PROBLEM DETAILS — Transcribe the listing exactly, skipping every picture.

PROVIDED RECORDS —
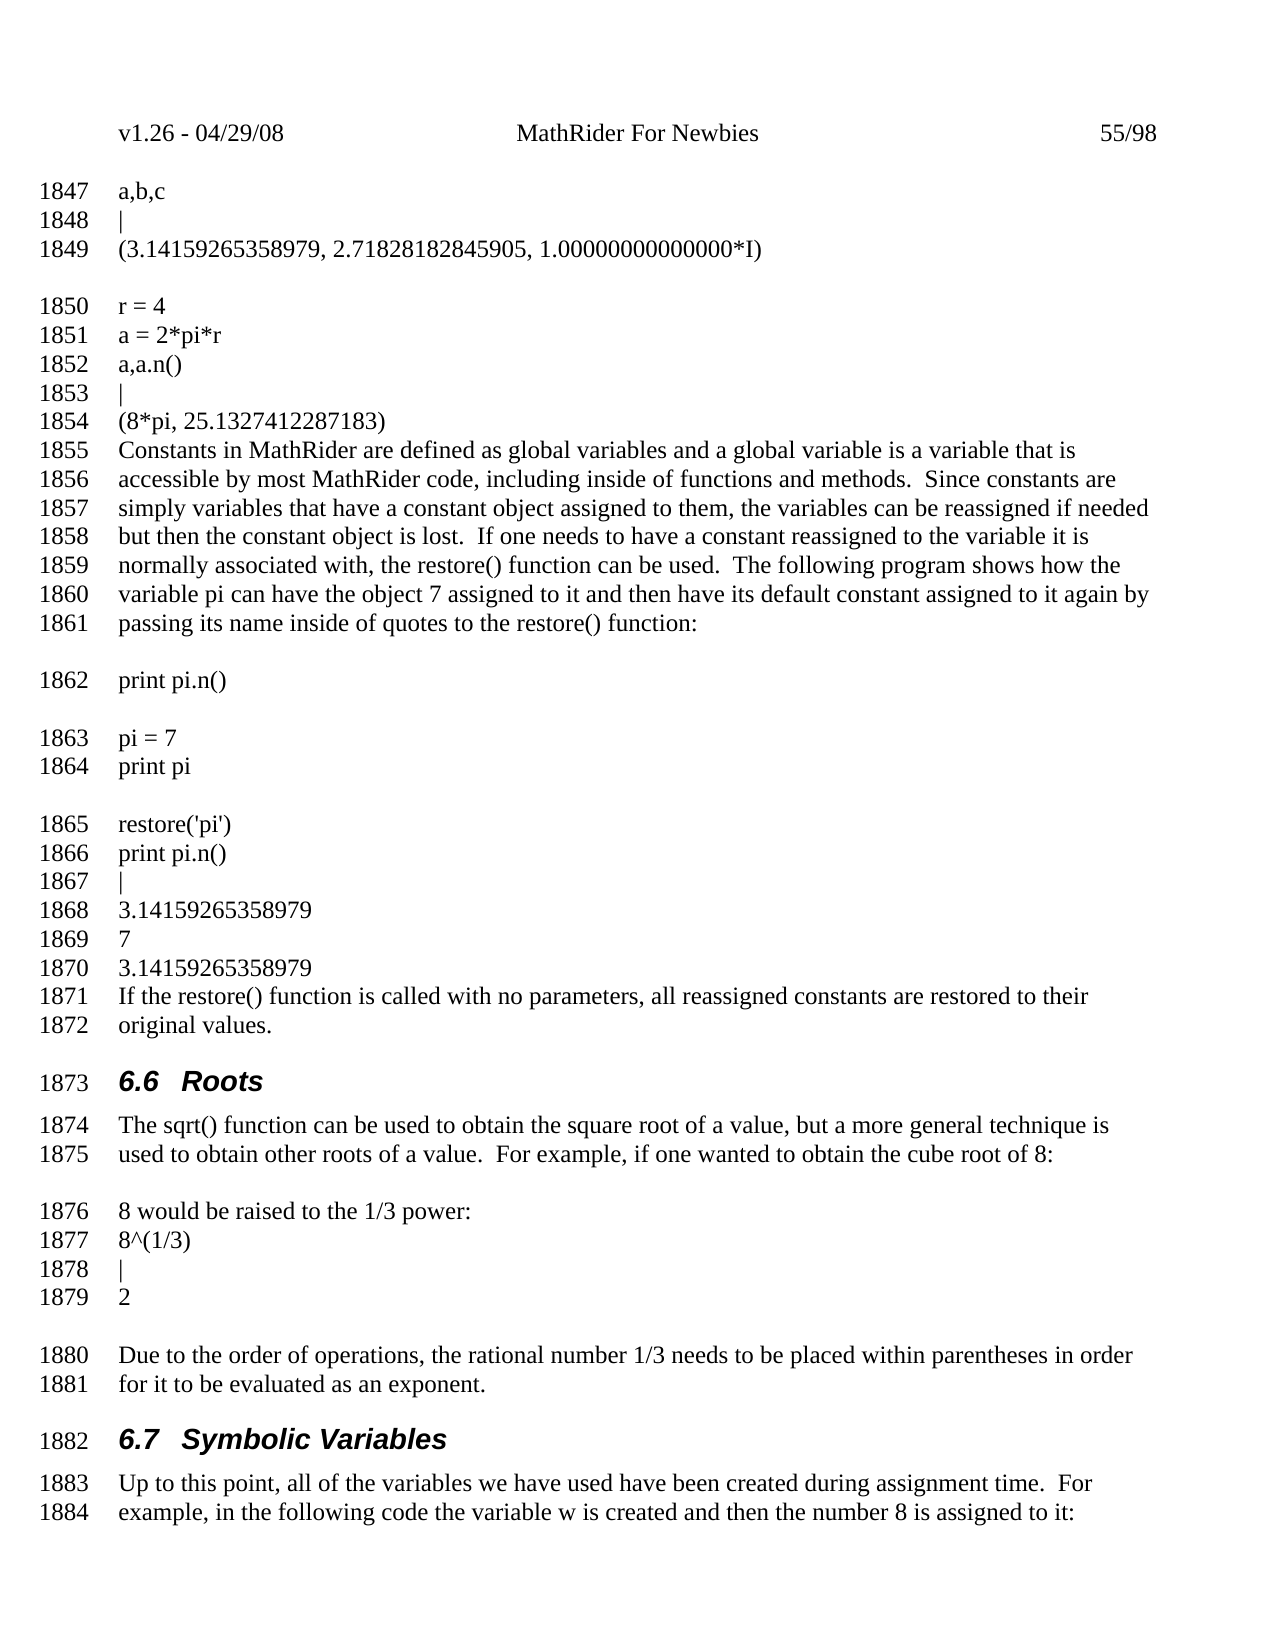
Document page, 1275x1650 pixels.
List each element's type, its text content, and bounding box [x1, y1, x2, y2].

text (8*pi, 25.1327412287183) [118, 406, 1157, 435]
text | [118, 205, 1157, 234]
text 8 would be raised to the 1/3 power: [118, 1196, 1157, 1225]
text | [118, 378, 1157, 406]
text 8^(1/3) [118, 1225, 1157, 1254]
text 3.14159265358979 [118, 895, 1157, 924]
text a,b,c [118, 176, 1157, 205]
text 2 [118, 1282, 1157, 1311]
text (3.14159265358979, 2.71828182845905, 1.00000000000000*I) [118, 234, 1157, 263]
text 7 [118, 924, 1157, 953]
text r = 4 [118, 291, 1157, 320]
text | [118, 866, 1157, 895]
subtitle Roots [118, 1064, 1157, 1097]
text print pi.n() [118, 838, 1157, 866]
text If the restore() function is called with no parameters, all reassigned constants are restored to their original values. [118, 981, 1157, 1039]
text print pi [118, 751, 1157, 780]
text restore('pi') [118, 809, 1157, 838]
text 3.14159265358979 [118, 953, 1157, 981]
text pi = 7 [118, 723, 1157, 751]
subtitle Symbolic Variables [118, 1422, 1157, 1456]
text Up to this point, all of the variables we have used have been created during assignment time. For example, in the following code the variable w is created and then the number 8 is assigned to it: [118, 1468, 1157, 1526]
text Constants in MathRider are defined as global variables and a global variable is a variable that is accessible by most MathRider code, including inside of functions and methods. Since constants are simply variables that have a constant object assigned to them, the variables can be reassigned if needed but then the constant object is lost. If one needs to have a constant reassigned to the variable it is normally associated with, the restore() function can be used. The following program shows how the variable pi can have the object 7 assigned to it and then have its default constant assigned to it again by passing its name inside of quotes to the restore() function: [118, 435, 1157, 636]
text The sqrt() function can be used to obtain the square root of a value, but a more general technique is used to obtain other roots of a value. For example, if one wanted to obtain the cube root of 8: [118, 1110, 1157, 1167]
text Due to the order of operations, the rational number 1/3 needs to be placed within parentheses in order for it to be evaluated as an exponent. [118, 1340, 1157, 1397]
text a,a.n() [118, 349, 1157, 378]
text a = 2*pi*r [118, 320, 1157, 349]
text | [118, 1254, 1157, 1282]
text print pi.n() [118, 665, 1157, 694]
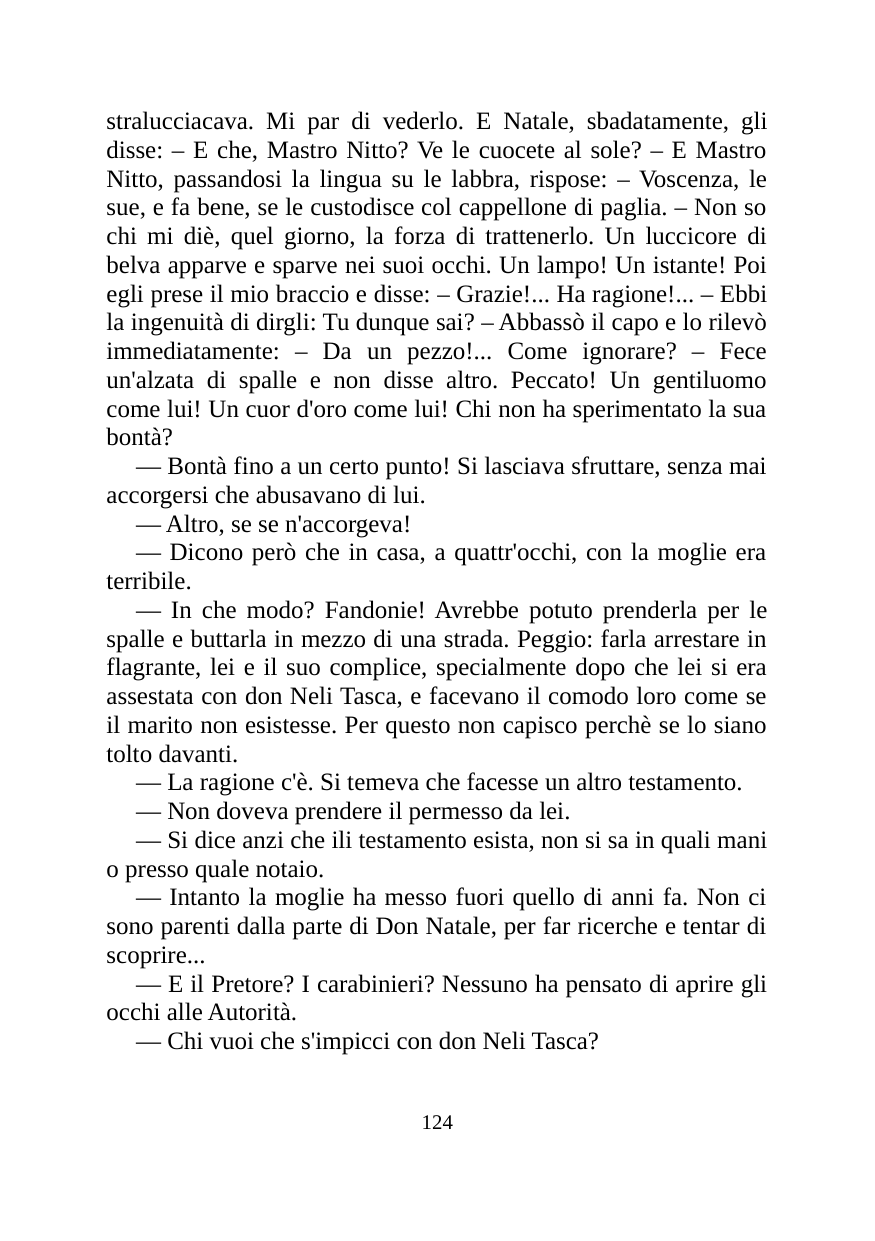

RESPONSE BOX —
Document page, 1275x1650 pixels.
List each element's type, its text content, and bounding box [x1, y1, x2, y2].

text (8*pi, 25.1327412287183) [118, 406, 1157, 435]
text | [118, 205, 1157, 234]
text 8 would be raised to the 1/3 power: [118, 1196, 1157, 1225]
text | [118, 378, 1157, 406]
text 8^(1/3) [118, 1225, 1157, 1254]
text 3.14159265358979 [118, 895, 1157, 924]
text a,b,c [118, 176, 1157, 205]
text 2 [118, 1282, 1157, 1311]
text (3.14159265358979, 2.71828182845905, 1.00000000000000*I) [118, 234, 1157, 263]
text 7 [118, 924, 1157, 953]
text r = 4 [118, 291, 1157, 320]
text | [118, 866, 1157, 895]
subtitle Roots [118, 1064, 1157, 1097]
text print pi.n() [118, 838, 1157, 866]
text If the restore() function is called with no parameters, all reassigned constants are restored to their original values. [118, 981, 1157, 1039]
text print pi [118, 751, 1157, 780]
text restore('pi') [118, 809, 1157, 838]
text 3.14159265358979 [118, 953, 1157, 981]
text pi = 7 [118, 723, 1157, 751]
subtitle Symbolic Variables [118, 1422, 1157, 1456]
text Up to this point, all of the variables we have used have been created during assignment time. For example, in the following code the variable w is created and then the number 8 is assigned to it: [118, 1468, 1157, 1526]
text Constants in MathRider are defined as global variables and a global variable is a variable that is accessible by most MathRider code, including inside of functions and methods. Since constants are simply variables that have a constant object assigned to them, the variables can be reassigned if needed but then the constant object is lost. If one needs to have a constant reassigned to the variable it is normally associated with, the restore() function can be used. The following program shows how the variable pi can have the object 7 assigned to it and then have its default constant assigned to it again by passing its name inside of quotes to the restore() function: [118, 435, 1157, 636]
text The sqrt() function can be used to obtain the square root of a value, but a more general technique is used to obtain other roots of a value. For example, if one wanted to obtain the cube root of 8: [118, 1110, 1157, 1167]
text Due to the order of operations, the rational number 1/3 needs to be placed within parentheses in order for it to be evaluated as an exponent. [118, 1340, 1157, 1397]
text a,a.n() [118, 349, 1157, 378]
text a = 2*pi*r [118, 320, 1157, 349]
text | [118, 1254, 1157, 1282]
text print pi.n() [118, 665, 1157, 694]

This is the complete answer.